=== Begin Enclosure ===

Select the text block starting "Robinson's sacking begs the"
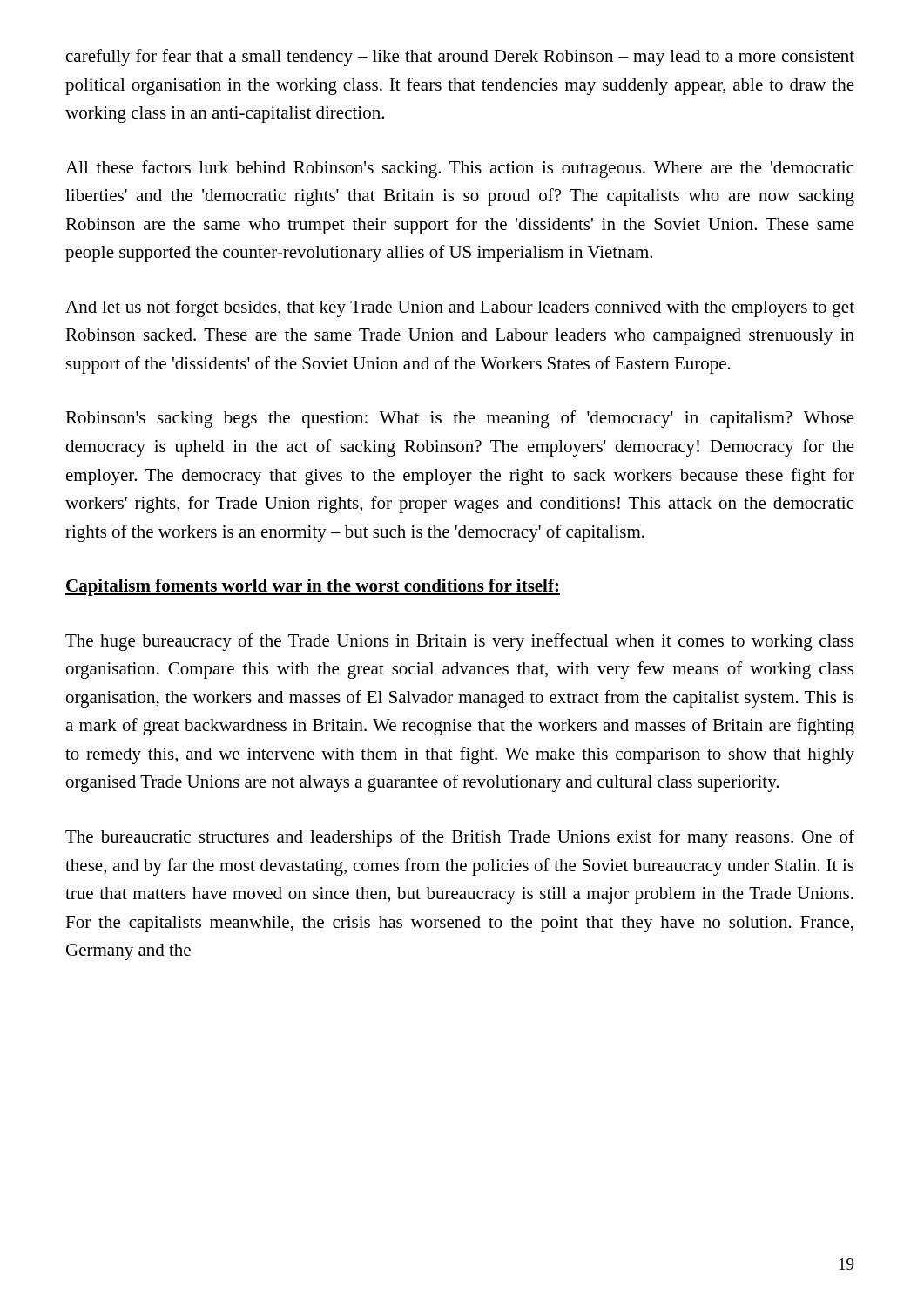The image size is (924, 1307). 460,474
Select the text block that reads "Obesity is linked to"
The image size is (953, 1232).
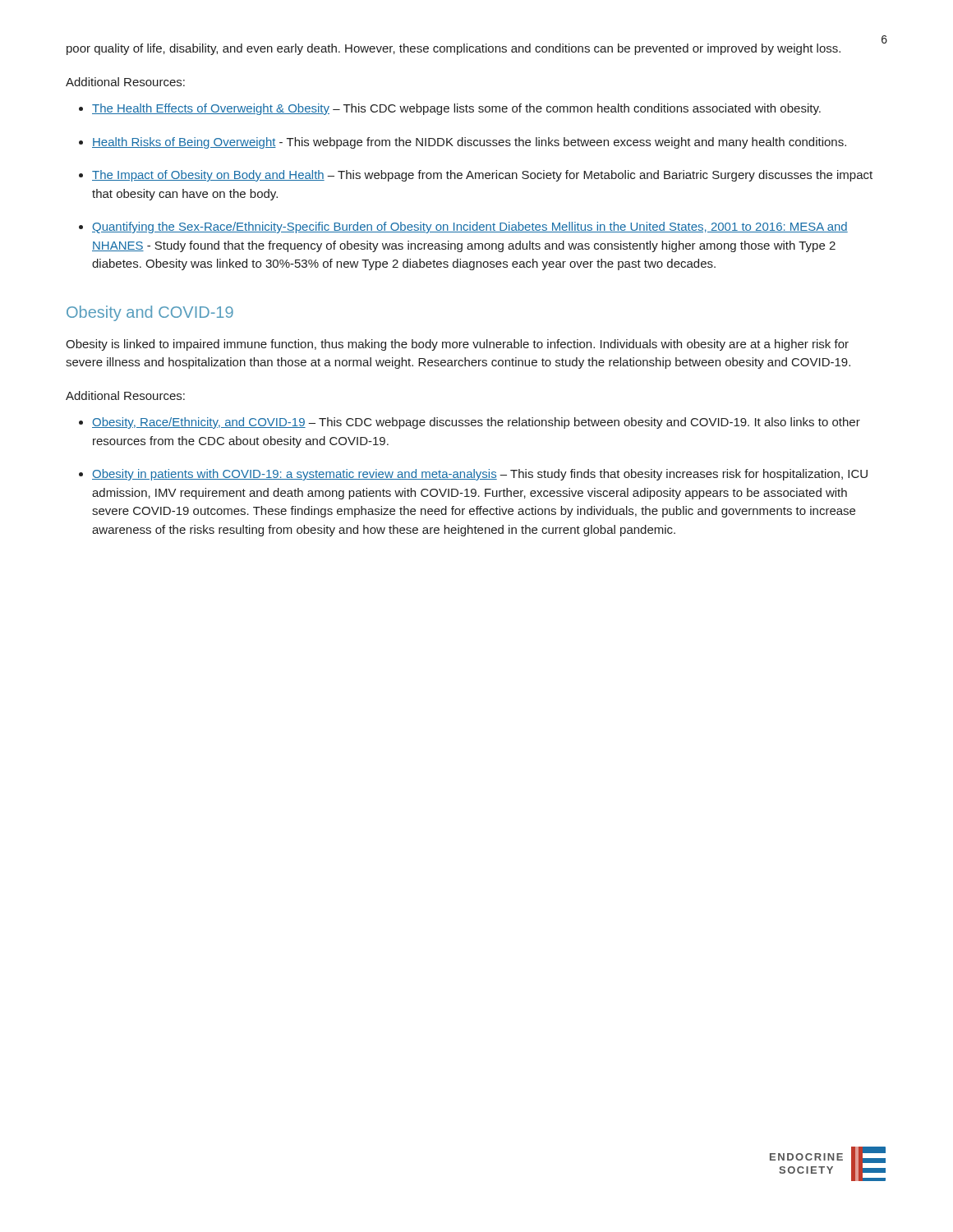(459, 353)

=== End Enclosure ===

• **Task directions**
Everything in the material except the pictures should be output verbatim.

• **Solution**
Select the text block starting "Robinson's sacking begs the"
The image size is (924, 1307). 460,474
Select the text block that reads "Obesity is linked to"
The image size is (953, 1232).
(459, 353)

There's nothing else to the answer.